To do
Return the records word for word. Any pictures in them are not part of the copy.

Recorded data:
· · · · · · ·
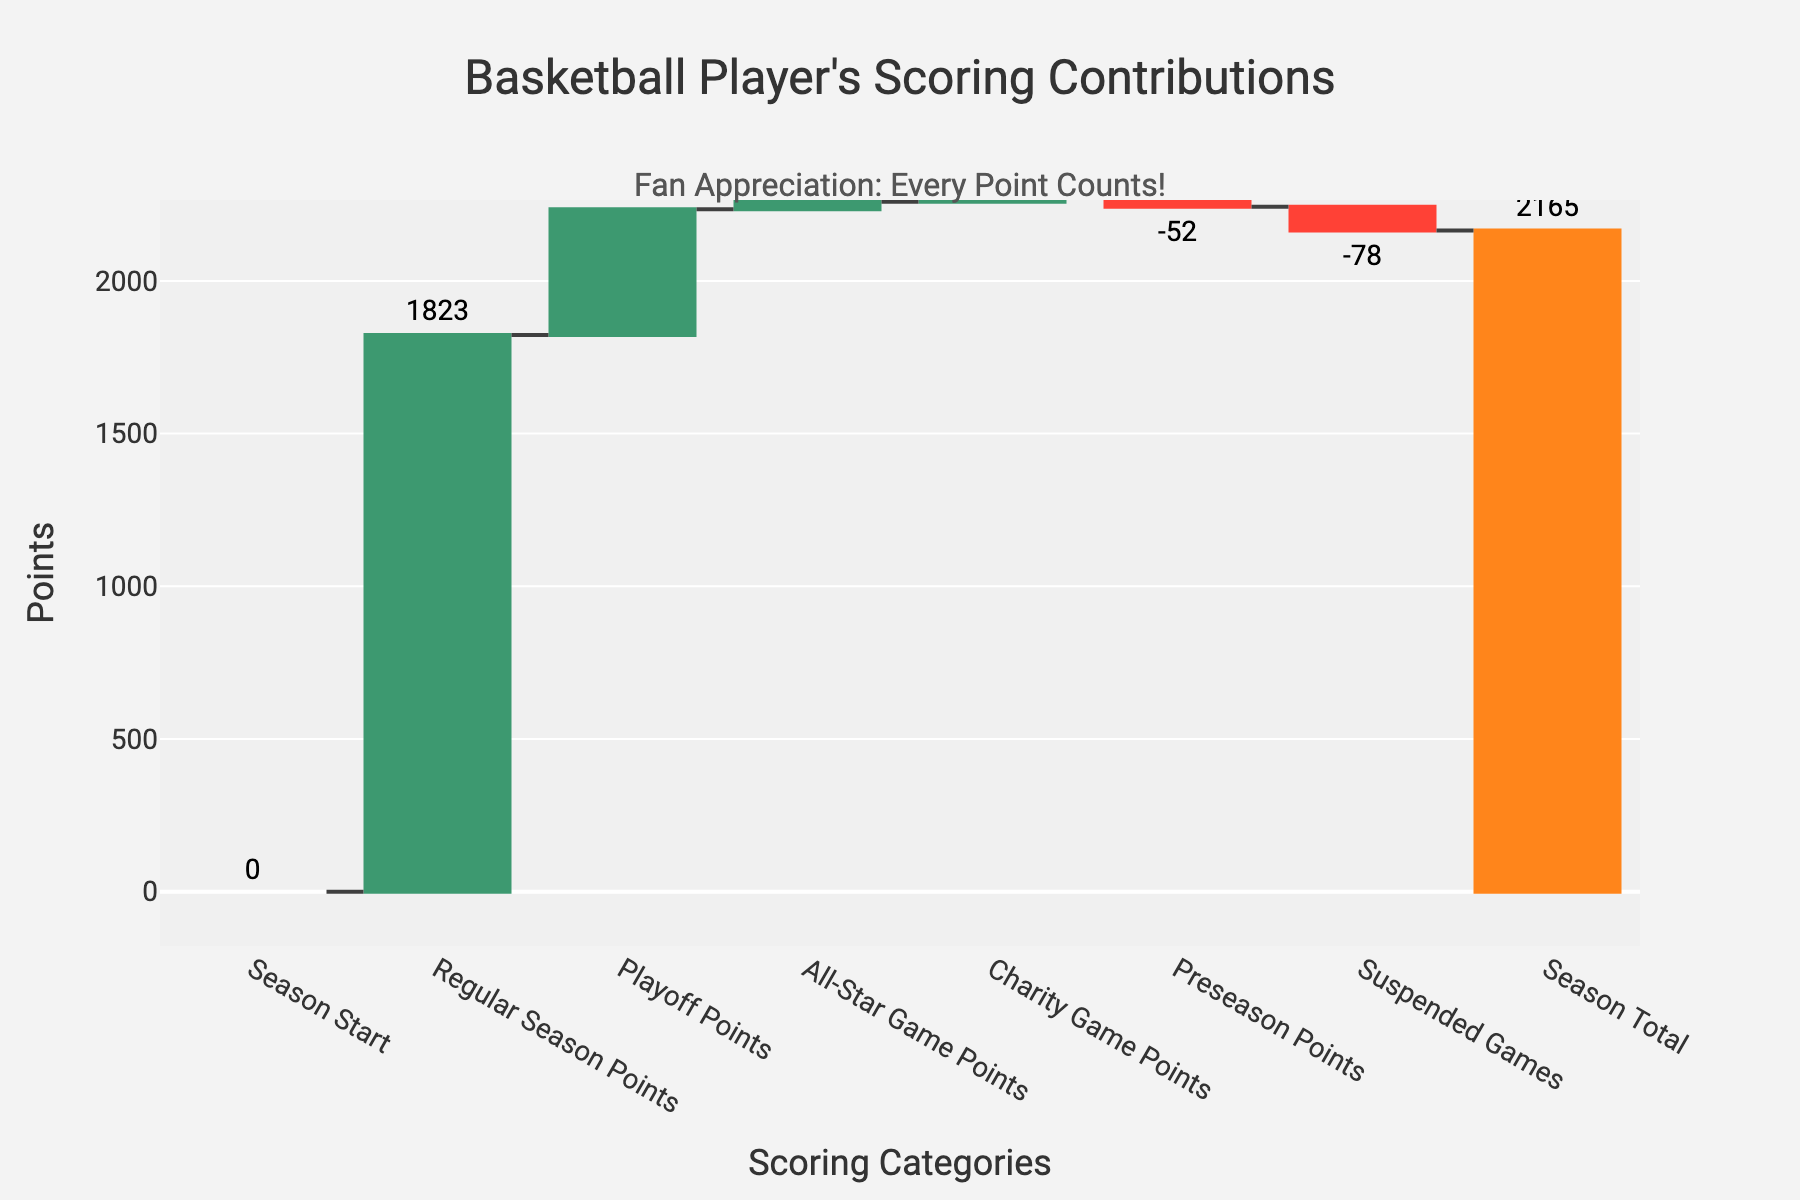What is the title of the chart? The title is displayed at the top center of the chart and it is written in relatively large font size.
Answer: Basketball Player's Scoring Contributions What does the "Season Total" value indicate? The "Season Total" value is the cumulative points, considering all other categories' contributions upwards and downwards.
Answer: 2165 How many categories contributed to the player's scoring? Count the number of unique categories listed along the x-axis of the waterfall chart, including the "Season Total".
Answer: 7 Comparing 'Regular Season Points' and 'Playoff Points', which one is higher? Observe the lengths of the bars in the vertical direction and the exact values displayed above them. The longer bar indicates a higher value.
Answer: Regular Season Points What is the difference between 'Regular Season Points' and 'Preseason Points'? Find the values of each, then subtract the 'Preseason Points' from the 'Regular Season Points'.
Answer: 1875 How much did the 'Suspended Games' reduce the total points by? Identify the negative values along the y-axis, specifically noting the 'Suspended Games' bar length.
Answer: 78 What is the combined point total of 'All-Star Game Points' and 'Charity Game Points'? Locate these two categories' values and sum them up.
Answer: 60 Which category had the least contribution to the total points? Compare the values of all categories to find the smallest value.
Answer: Preseason Points How did the 'Charity Game Points' impact the total score? Note that the 'Charity Game Points' shows an increase in the visual depiction and identify how much it added to the total.
Answer: Added 36 If 'Regular Season Points' were 50 points lower, what would the new 'Season Total' be? Subtract 50 from the 'Regular Season Points' and then adjust the 'Season Total' likewise. Calculate the new 'Season Total' accordingly.
Answer: 2115 
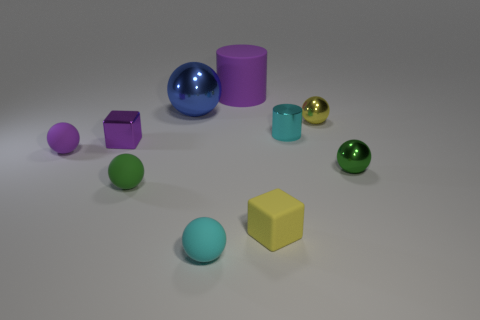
· · · · · · ·
The completed task
What is the title of the chart? The title is displayed at the top center of the chart and it is written in relatively large font size.
Answer: Basketball Player's Scoring Contributions What does the "Season Total" value indicate? The "Season Total" value is the cumulative points, considering all other categories' contributions upwards and downwards.
Answer: 2165 How many categories contributed to the player's scoring? Count the number of unique categories listed along the x-axis of the waterfall chart, including the "Season Total".
Answer: 7 Comparing 'Regular Season Points' and 'Playoff Points', which one is higher? Observe the lengths of the bars in the vertical direction and the exact values displayed above them. The longer bar indicates a higher value.
Answer: Regular Season Points What is the difference between 'Regular Season Points' and 'Preseason Points'? Find the values of each, then subtract the 'Preseason Points' from the 'Regular Season Points'.
Answer: 1875 How much did the 'Suspended Games' reduce the total points by? Identify the negative values along the y-axis, specifically noting the 'Suspended Games' bar length.
Answer: 78 What is the combined point total of 'All-Star Game Points' and 'Charity Game Points'? Locate these two categories' values and sum them up.
Answer: 60 Which category had the least contribution to the total points? Compare the values of all categories to find the smallest value.
Answer: Preseason Points How did the 'Charity Game Points' impact the total score? Note that the 'Charity Game Points' shows an increase in the visual depiction and identify how much it added to the total.
Answer: Added 36 If 'Regular Season Points' were 50 points lower, what would the new 'Season Total' be? Subtract 50 from the 'Regular Season Points' and then adjust the 'Season Total' likewise. Calculate the new 'Season Total' accordingly.
Answer: 2115 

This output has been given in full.